Input: an almanac that lists all the seeds that need to be planted to solve Island Island food production problem.
We start with a list of seeds identified by numbers.
Mapping System: Each seed is associated, based on its number, with specific types of agricultural resources (soil, fertilizer, water, and so on), which are also identified by numbers, through a series of mappings that connect “source” numbers with “destination” numbers.
[The mappings indicate] what type of soil to use with each kind of seed, what type of fertilizer to use with each kind of soil, what type of water to use with each kind of fertilizer, and so on.
Every type of seed, soil, fertilizer and so on is identified with a number, but numbers are reused by each category - that is, soil 123 and fertilizer 123 aren’t necessarily related to each other.
Rather than list every source number and its corresponding destination number one by one, the maps describe entire ranges of numbers that can be converted…
The first line has a destination range start of 50, a source range start of 98, and a range length of 2. This line means that the source range starts at 98 and contains two values: 98 and 99. The destination range is the same length, but it starts at 50, so its two values are 50 and 51. With this information, you know that seed number 98 corresponds to soil number 50 and that seed number 99 corresponds to soil number 51.
Any source numbers that aren’t mapped correspond to the same destination number. So, seed number 10 corresponds to soil number 10.
Available mappings go from seed to location (seed -> soil -> fertilizer -> water -> light -> temperature -> humidity -> location).
Find the lowest location number that corresponds to any of the initial seeds
Ideas of how to approach this problem:
Store seeds numbers as a vector.
Turn each mapping into a function.
Crazy idea: make a “function factory” (https://adv-r.hadley.nz/function-factories.html) to programatically create functions for each mapping using the numbers from each one.
Now I need to generalise this procedure. For this, I have to read all the mappings from the input file as dataframes.
The following pipeline does just that, creating a nested dataframe where the first column is the name of the mapping (e.g. seed-to-soil, soil-to-fertilizer, and so on) and the second column is the mapping itself.
There’s just one problem: the mappings in the column data are not yet parsed as dataframes. They’re currently just vectors, with each item combining the source, destination, and offset into a single string.
To solve this, I’m creating the function chr_to_mapping, which takes these character vectors as input and returns the mapping dataframes I want as output.
Then, I can simply pull the mappings, and starting with the seeds, use the compute_mapping function to apply all the mappings and determine the final location values.
The solution is just the minimum of these location values.
min(values)
[1] 177942185
Part 2
Now it turns out that the seeds are actually RANGES.
The values on the initial seeds: line come in pairs. Within each pair, the first value is the start of the range and the second value is the length of the range. So, in the first line of the example above:
seeds: 79 14 55 13
This line describes two ranges of seed numbers to be planted in the garden. The first range starts with seed number 79 and contains 14 values: 79, 80, …, 91, 92. The second range starts with seed number 55 and contains 13 values: 55, 56, …, 66, 67.
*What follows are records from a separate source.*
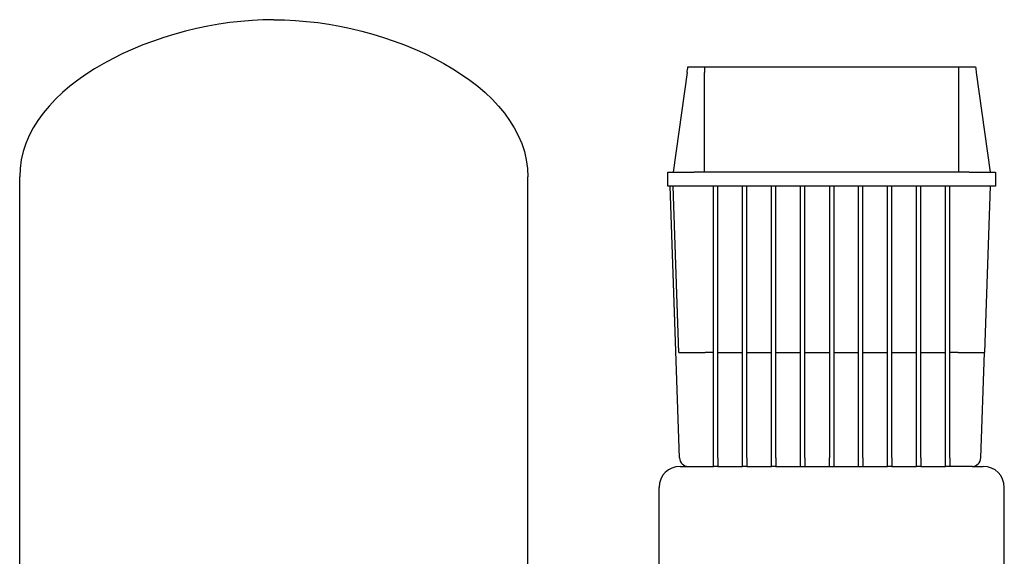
# Model space of a CAD drawing. Header units: millimetres. Extents: x 13 to 1961, y 12 to 878.
# Tile 7 of 7: x 1140 to 1702, y 571 to 878. Entities that reach past the tile are written whole.
import ezdxf

# ---------------------------------------------------------------- set-up
doc = ezdxf.new("R2010")
doc.units = ezdxf.units.MM

msp = doc.modelspace()

# ---------------------------------------------------------------- linework, layer by layer
at = {"color": 7, "linetype": 'Continuous', "lineweight": 25}
for p, q in [((1521.08, 850.54), (1530.63, 850.54)), ((1530.63, 850.54), (1675.65, 850.54)), ((1675.65, 850.54), (1685.21, 850.54)), ((1520.64, 847.47), (1512.64, 790.54)), ((1530.64, 790.54), (1530.64, 847.47)), ((1675.64, 790.54), (1675.64, 847.47)), ((1685.64, 847.47), (1693.64, 790.54)), ((1139.79, 517.15), (1139.79, 787.74)), ((1429.79, 517.15), (1429.79, 787.74)), ((1509.64, 782.54), (1509.64, 790.54)), ((1509.64, 790.54), (1524.64, 790.54)), ((1681.64, 790.54), (1524.64, 790.54)), ((1681.64, 790.54), (1696.64, 790.54)), ((1696.64, 790.54), (1696.64, 782.54)), ((1524.64, 782.54), (1509.64, 782.54)), ((1516.31, 627.37), (1510.89, 782.54)), ((1515.96, 687.54), (1512.64, 782.54)), ((1681.64, 782.54), (1524.64, 782.54)), ((1535.64, 627.37), (1535.64, 782.54)), ((1538.14, 627.37), (1538.14, 782.54)), ((1552.21, 627.37), (1552.21, 782.54)), ((1554.71, 627.37), (1554.71, 782.54)), ((1568.77, 627.37), (1568.77, 782.54)), ((1571.27, 627.37), (1571.27, 782.54)), ((1585.33, 627.37), (1585.33, 782.54)), ((1587.83, 627.37), (1587.83, 782.54)), ((1601.89, 782.54), (1601.89, 627.37)), ((1604.39, 782.54), (1604.39, 627.37)), ((1618.46, 627.37), (1618.46, 782.54)), ((1620.96, 627.37), (1620.96, 782.54)), ((1635.02, 627.37), (1635.02, 782.54)), ((1637.52, 627.37), (1637.52, 782.54)), ((1651.58, 627.37), (1651.58, 782.54)), ((1654.08, 627.37), (1654.08, 782.54)), ((1668.14, 627.37), (1668.14, 782.54)), ((1670.64, 627.37), (1670.64, 782.54)), ((1696.64, 782.54), (1681.64, 782.54)), ((1693.64, 782.54), (1690.33, 687.54)), ((1535.64, 687.54), (1530.95, 687.54)), ((1538.14, 687.54), (1552.21, 687.54)), ((1554.71, 687.54), (1568.77, 687.54)), ((1571.27, 687.54), (1585.33, 687.54)), ((1587.83, 687.54), (1601.89, 687.54)), ((1604.39, 687.54), (1618.46, 687.54)), ((1620.96, 687.54), (1635.02, 687.54)), ((1637.52, 687.54), (1651.58, 687.54)), ((1654.08, 687.54), (1668.14, 687.54)), ((1675.33, 687.54), (1670.64, 687.54)), ((1688.22, 627.37), (1690.33, 687.54)), ((1535.64, 622.54), (1535.64, 627.37)), ((1538.14, 627.37), (1538.14, 622.54)), ((1552.21, 622.54), (1552.21, 627.37)), ((1554.71, 627.37), (1554.71, 622.54)), ((1568.77, 622.54), (1568.77, 627.37)), ((1571.27, 627.37), (1571.27, 622.54)), ((1585.33, 622.54), (1585.33, 627.37)), ((1587.83, 627.37), (1587.83, 622.54)), ((1601.89, 622.54), (1601.89, 627.37)), ((1604.39, 627.37), (1604.39, 622.54)), ((1618.46, 622.54), (1618.46, 627.37)), ((1620.96, 627.37), (1620.96, 622.54)), ((1635.02, 622.54), (1635.02, 627.37)), ((1637.52, 627.37), (1637.52, 622.54)), ((1651.58, 622.54), (1651.58, 627.37)), ((1654.08, 627.37), (1654.08, 622.54)), ((1668.14, 622.54), (1668.14, 627.37)), ((1670.64, 627.37), (1670.64, 622.54)), ((1516.64, 622.54), (1521.31, 622.54)), ((1521.31, 622.54), (1535.64, 622.54)), ((1538.14, 622.54), (1535.64, 622.54)), ((1538.14, 622.54), (1552.21, 622.54)), ((1554.71, 622.54), (1552.21, 622.54)), ((1554.71, 622.54), (1568.77, 622.54)), ((1571.27, 622.54), (1568.77, 622.54)), ((1571.27, 622.54), (1635.02, 622.54)), ((1637.52, 622.54), (1635.02, 622.54)), ((1637.52, 622.54), (1651.58, 622.54)), ((1654.08, 622.54), (1651.58, 622.54)), ((1654.08, 622.54), (1668.14, 622.54)), ((1670.64, 622.54), (1668.14, 622.54)), ((1683.23, 622.54), (1670.64, 622.54)), ((1683.23, 622.54), (1689.64, 622.54)), ((1504.64, 562.54), (1504.64, 610.54)), ((1701.64, 562.54), (1701.64, 610.54))]:
    msp.add_line(p, q, dxfattribs=at)
for centre, radius, start, end in [((1521.31, 627.54), 5, 182, 270), ((1683.23, 627.54), 5, 270, 358), ((1516.64, 610.54), 12, 90, 180), ((1689.64, 610.54), 12, 0, 90)]:
    msp.add_arc(centre, radius, start, end, dxfattribs=at)
for points in [[(1284.79, 877.54), (1219.28, 877.54), (1139.79, 840.89), (1139.79, 787.74)], [(1284.79, 877.54), (1350.3, 877.54), (1429.79, 840.89), (1429.79, 787.74)], [(1520.64, 847.47), (1520.79, 848.49), (1520.93, 849.52), (1521.08, 850.54)], [(1530.63, 850.54), (1530.64, 849.52), (1530.64, 848.49), (1530.64, 847.47)], [(1675.64, 847.47), (1675.64, 848.49), (1675.65, 849.52), (1675.65, 850.54)], [(1685.21, 850.54), (1685.35, 849.52), (1685.5, 848.49), (1685.64, 847.47)]]:
    msp.add_open_spline(points, degree=3, dxfattribs=at)
for points in [[(1515.96, 687.54), (1515.96, 687.54), (1516.04, 687.54), (1516.38, 687.54), (1516.65, 687.54), (1517.38, 687.54), (1517.84, 687.54), (1518.96, 687.54), (1519.62, 687.54), (1521.08, 687.54), (1521.89, 687.54), (1523.6, 687.54), (1524.51, 687.54), (1526.35, 687.54), (1527.29, 687.54), (1529.15, 687.54), (1530.07, 687.54), (1530.95, 687.54)], [(1675.33, 687.54), (1676.22, 687.54), (1677.14, 687.54), (1678.99, 687.54), (1679.93, 687.54), (1681.78, 687.54), (1682.68, 687.54), (1684.4, 687.54), (1685.2, 687.54), (1686.67, 687.54), (1687.32, 687.54), (1688.44, 687.54), (1688.91, 687.54), (1689.64, 687.54), (1689.9, 687.54), (1690.25, 687.54), (1690.33, 687.54), (1690.33, 687.54)]]:
    msp.add_open_spline(points, degree=3, knots=[0, 0, 0, 0, 0.125, 0.125, 0.25, 0.25, 0.375, 0.375, 0.5, 0.5, 0.625, 0.625, 0.75, 0.75, 0.875, 0.875, 1, 1, 1, 1], dxfattribs=at)

doc.saveas('drawing.dxf')

It seems the computational cost/complexity of my solution is going to scale abruptly given this new interpretation of the input.
The first thing I’ll try to do is to represent the ranges as vectors:
I tried (in code that not shown here) to just run my previous code on all_seeds but it just doesn’t work: my computer runs out of memory.
Then I tried some alternative approaches that may have been more efficient, such as:
Collapsing all the mappings (seed-to-soil, soil-to-fertilizer, and so on) into just one look-up table that directly maps seeds to locations. This may save memory in the compute_mapping process. The problem is that this is easier said than done. Implementing this idea is not trivial, at least not for me. After a couple of attempts I ended up giving up with this path because I didn’t have enough time to figure out how to pull it off.
Using the intervals R package. This package seems to allow performing interval operations (such as intersections and complements) in a more efficient way, without having to explicitly load all the numbers of the interval in memory. Unfortunately, I also ran out of my “time budget” when trying to implement this idea, so I ended up giving up on it too. Still, I have a strong feeling that “this was the way” to efficiently tackle Part 2 of this problem.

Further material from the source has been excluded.